The Last Post Ceremony commemorating the service of (1148) Private Richard Alfred “Alf” Meech 3rd Battalion, AIF, First World War

Place Middle East: Ottoman Empire, Turkey, Dardanelles, Gallipoli, Anzac Area (Gallipoli), Lone Pine Area, Lone Pine
Accession Number PAFU2015/155.01
Collection type Film
Object type Last Post film
Physical description 16:9
Maker Australian War Memorial
Place made Australia: Australian Capital Territory, Canberra, Campbell
Date made 15 April 2015
Access Open
Conflict First World War, 1914-1918
Copyright Item copyright: © Australian War Memorial
Creative Commons License This item is licensed under CC BY-NC
Copying Provisions Copy provided for personal non-commercial use

The Last Post Ceremony is presented in the Commemorative area of the Australian War Memorial each day. The ceremony commemorates more than 102,000 Australians who have given their lives in war and other operations and whose names are recorded on the Roll of Honour. At each ceremony the story behind one of the names on the Roll of Honour is told. Hosted by Richard Cruise, the story for this day was on (1148) Private Richard Alfred “Alf” Meech 3rd Battalion, AIF, First World War.

Speech transcript

1148 Private Richard Alfred “Alf” Meech 3rd Battalion, AIF
KIA 6–12 August 1915
Photograph: P01061.001 (middle, 4th row)

Today we remember and pay tribute to Private Richard Alfred Meech.

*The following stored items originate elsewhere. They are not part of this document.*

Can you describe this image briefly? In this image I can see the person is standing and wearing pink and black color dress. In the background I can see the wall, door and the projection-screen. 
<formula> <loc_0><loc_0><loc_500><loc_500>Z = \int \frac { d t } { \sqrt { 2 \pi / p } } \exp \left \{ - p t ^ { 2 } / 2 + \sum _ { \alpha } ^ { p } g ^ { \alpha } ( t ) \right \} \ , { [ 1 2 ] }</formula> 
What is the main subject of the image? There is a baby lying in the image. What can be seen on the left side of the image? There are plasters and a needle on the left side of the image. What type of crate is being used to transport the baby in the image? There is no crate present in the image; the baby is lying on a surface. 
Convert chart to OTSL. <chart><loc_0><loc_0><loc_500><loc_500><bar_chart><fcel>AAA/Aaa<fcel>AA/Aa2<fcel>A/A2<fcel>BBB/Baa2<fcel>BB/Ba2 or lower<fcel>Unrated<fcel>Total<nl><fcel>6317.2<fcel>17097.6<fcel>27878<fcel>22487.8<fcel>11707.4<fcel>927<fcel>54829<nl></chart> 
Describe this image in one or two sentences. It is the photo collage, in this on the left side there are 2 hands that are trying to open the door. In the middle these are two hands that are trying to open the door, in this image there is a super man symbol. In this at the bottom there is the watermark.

Richard Alfred “Alf” Meech was born on 11 June 1887 in Queanbeyan, New South Wales, to Isaac and Rosanna Meech. Rosanna was part of the Blundell family, with a home on Blundell’s Hill, now known as Regatta Point here in Canberra, and the smaller home, Blundell’s Cottage, which still stands today on the shores of Lake Burley Griffin.

Meech grew up in Queanbeyan and attended school locally. He worked for a time at the Queanbeyan Age. When the First World War began Meech, who was working as a carter, was reported to have been the first man in Queanbeyan to enlist, joining on 20 August 1914. He was posted to 1 Platoon, A Company, 3rd Battalion, AIF.

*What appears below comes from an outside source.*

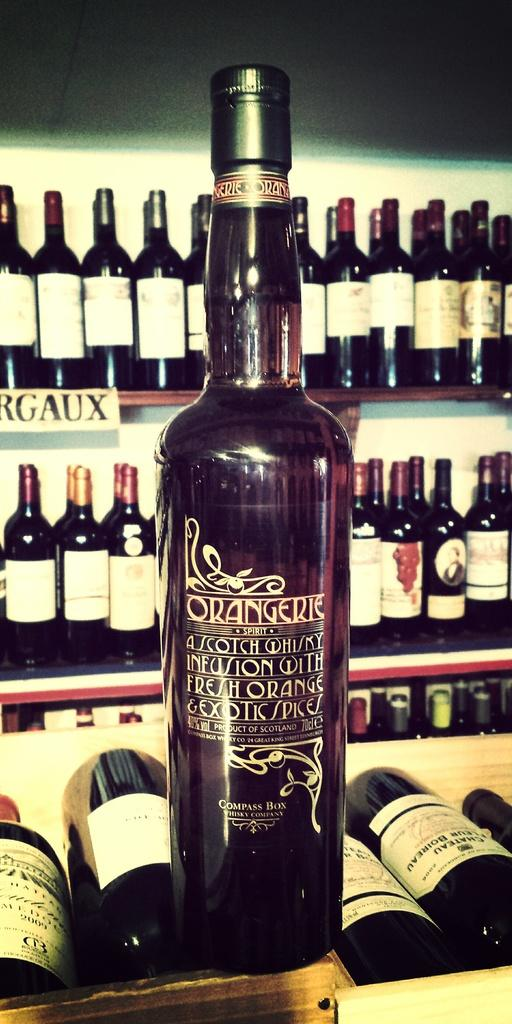<image>
Describe the image concisely. A bottle of wine that has the word Orangerie on it. 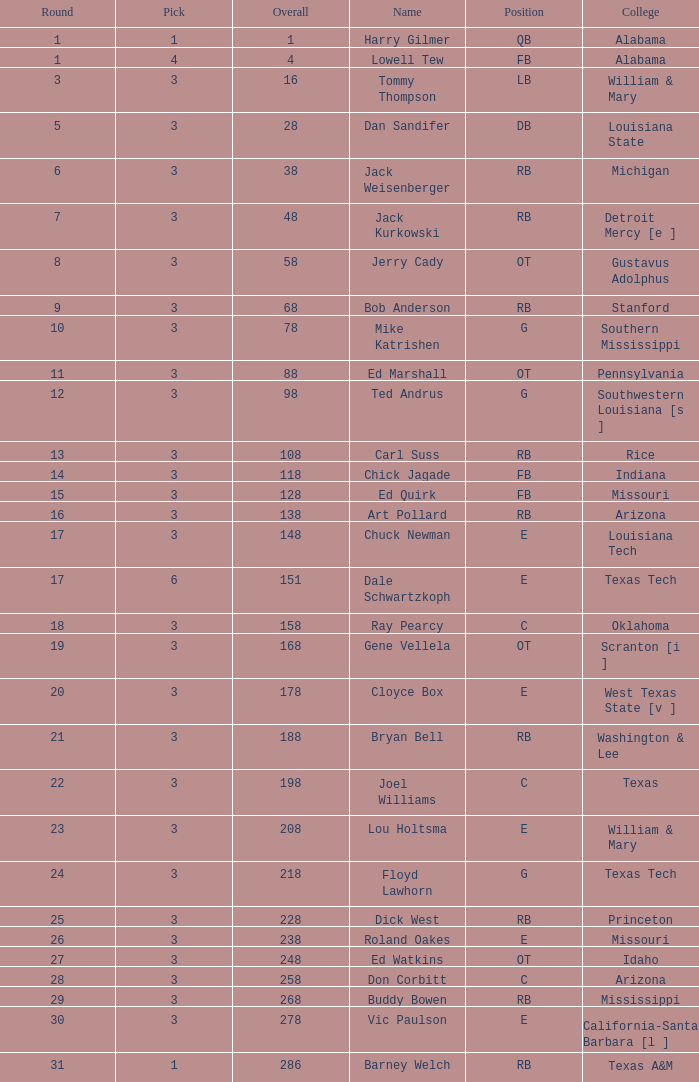What is the average aggregate for stanford? 68.0.

Meech embarked for Egypt with the 3rd Battalion aboard the transport ship Euripides in October 1914. Arriving in December, he spent several months training in the desert. In early April 1915 he sailed with his battalion to Lemnos in preparation for the Gallipoli campaign.

Meech landed at Gallipoli with the 3rd Battalion between 7 and 8 am on the morning of 25 April. He survived the chaotic first weeks of the campaign and assisted in holding the Australian positions against Turkish counter-attacks. Aside from being a rifleman, Meech was also batman to his platoon commander, Lieutenant William Carter.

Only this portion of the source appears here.